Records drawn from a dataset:
★ ★ ★ ★ ★

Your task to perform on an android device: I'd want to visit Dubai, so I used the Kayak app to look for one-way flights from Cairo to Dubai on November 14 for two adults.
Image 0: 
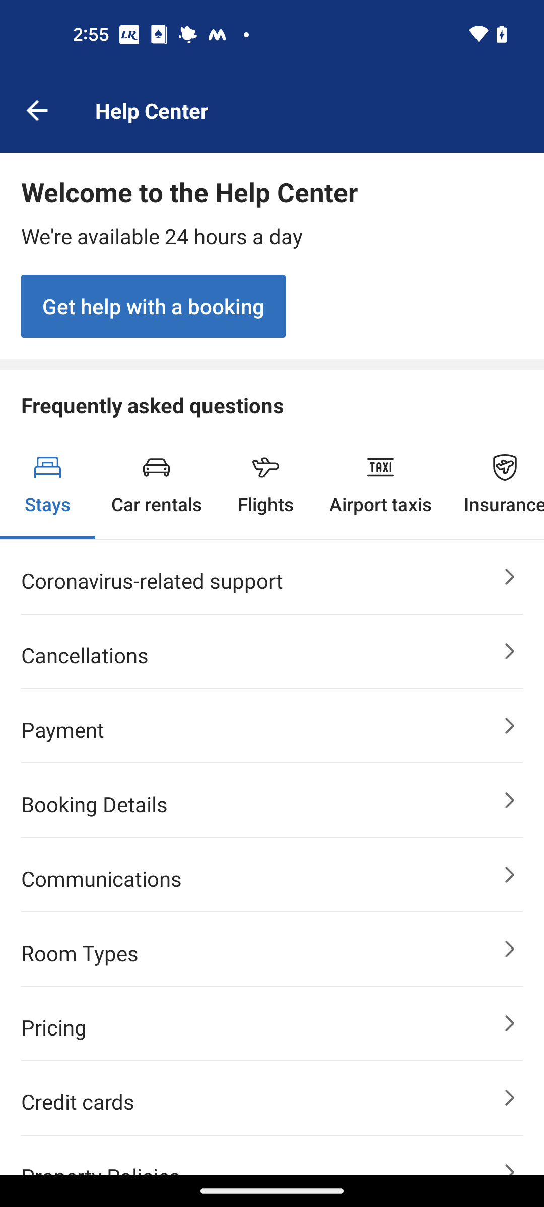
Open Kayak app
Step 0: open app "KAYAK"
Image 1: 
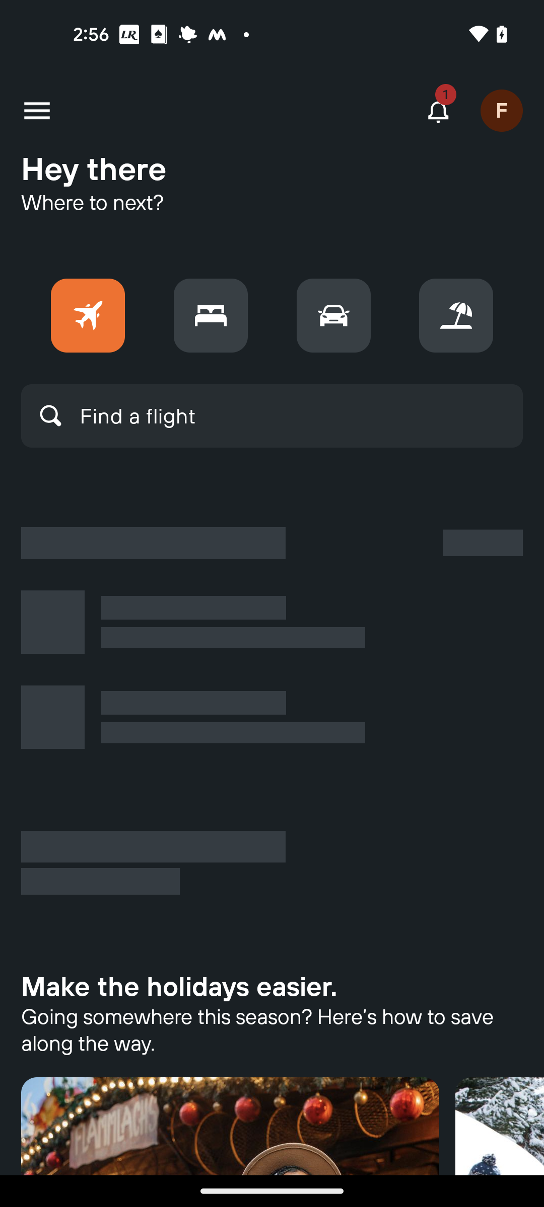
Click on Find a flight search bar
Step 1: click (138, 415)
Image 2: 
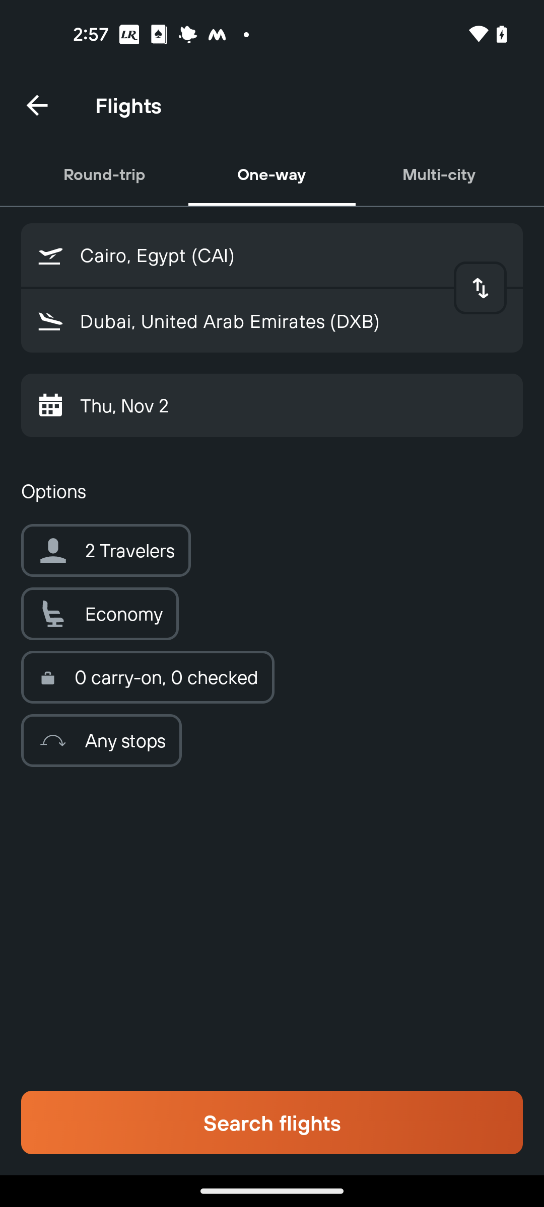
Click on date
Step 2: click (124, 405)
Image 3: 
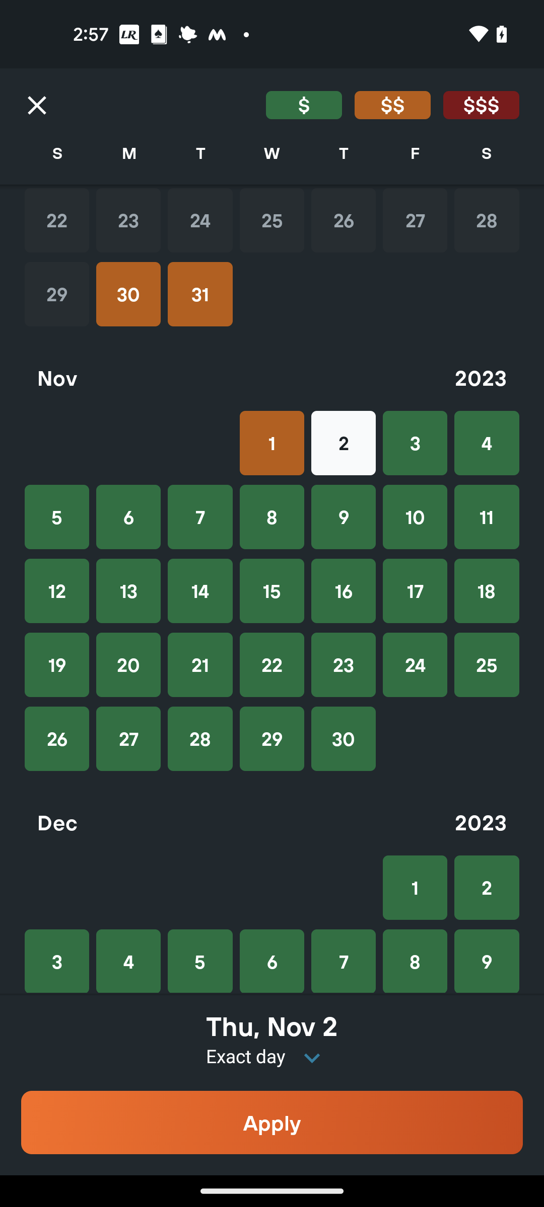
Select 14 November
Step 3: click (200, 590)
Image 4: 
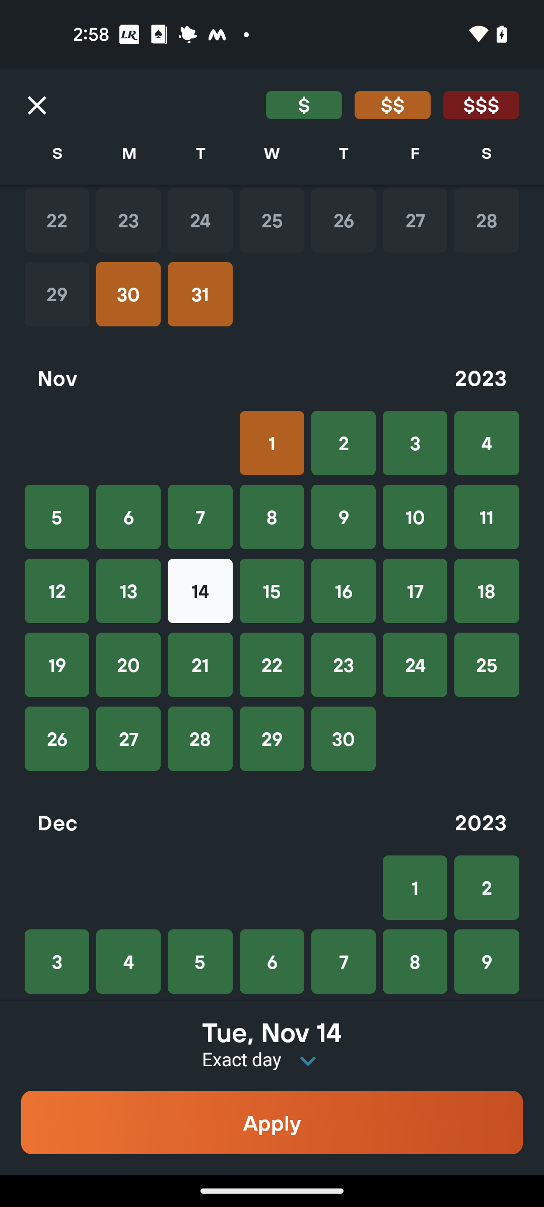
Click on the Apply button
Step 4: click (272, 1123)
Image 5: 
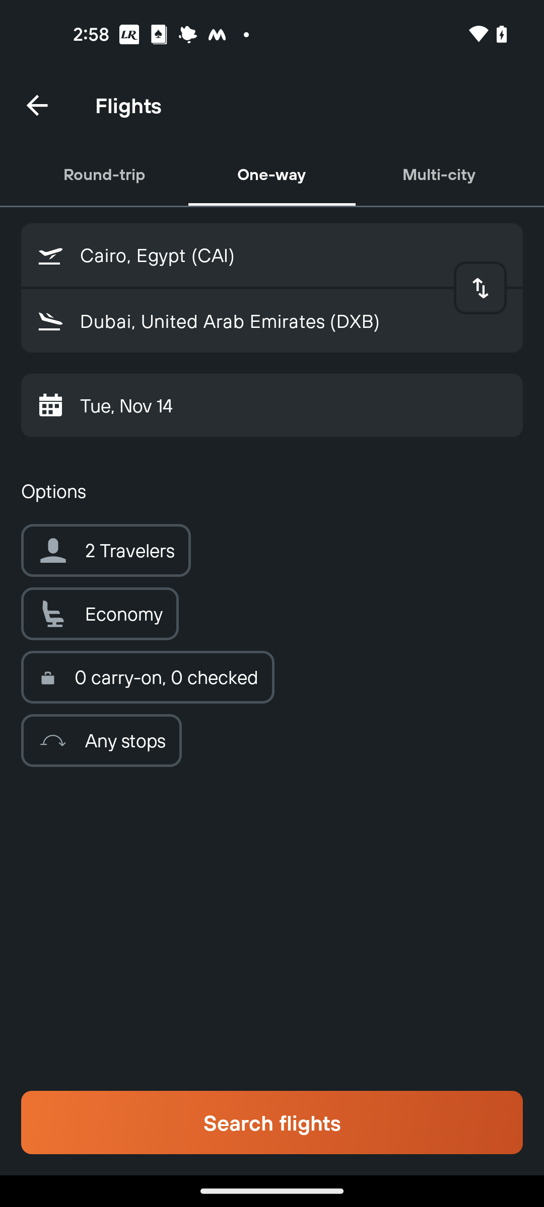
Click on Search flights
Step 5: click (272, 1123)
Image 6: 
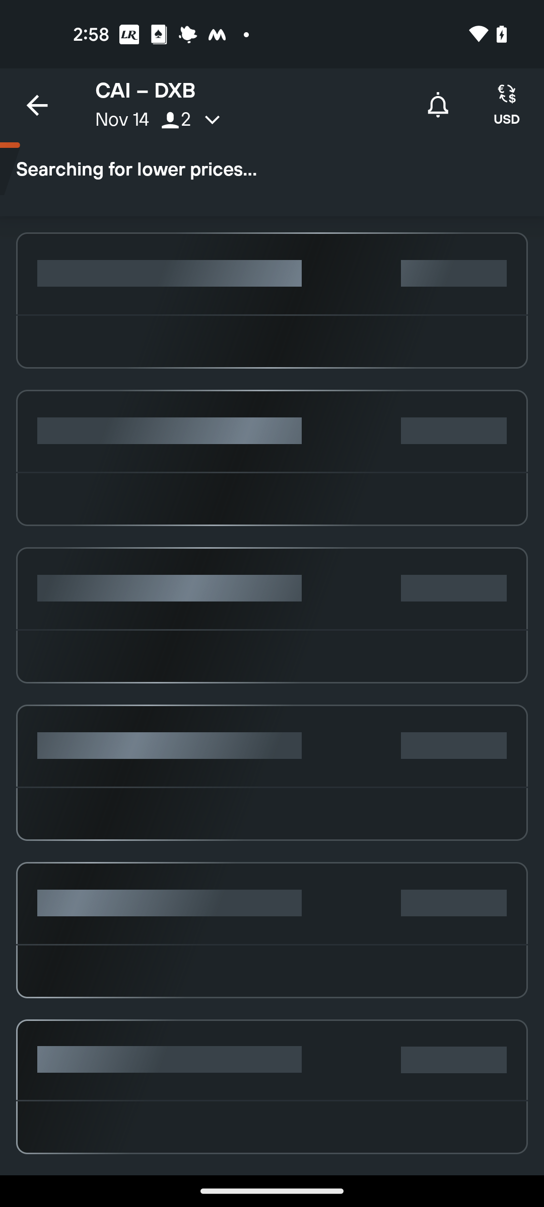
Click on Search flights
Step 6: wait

★ ★ ★ ★ ★

■ **About this task**: Would you count the lines in the data that include the word "Step" and reply with only the number?

■ **Answer to this problem**: 7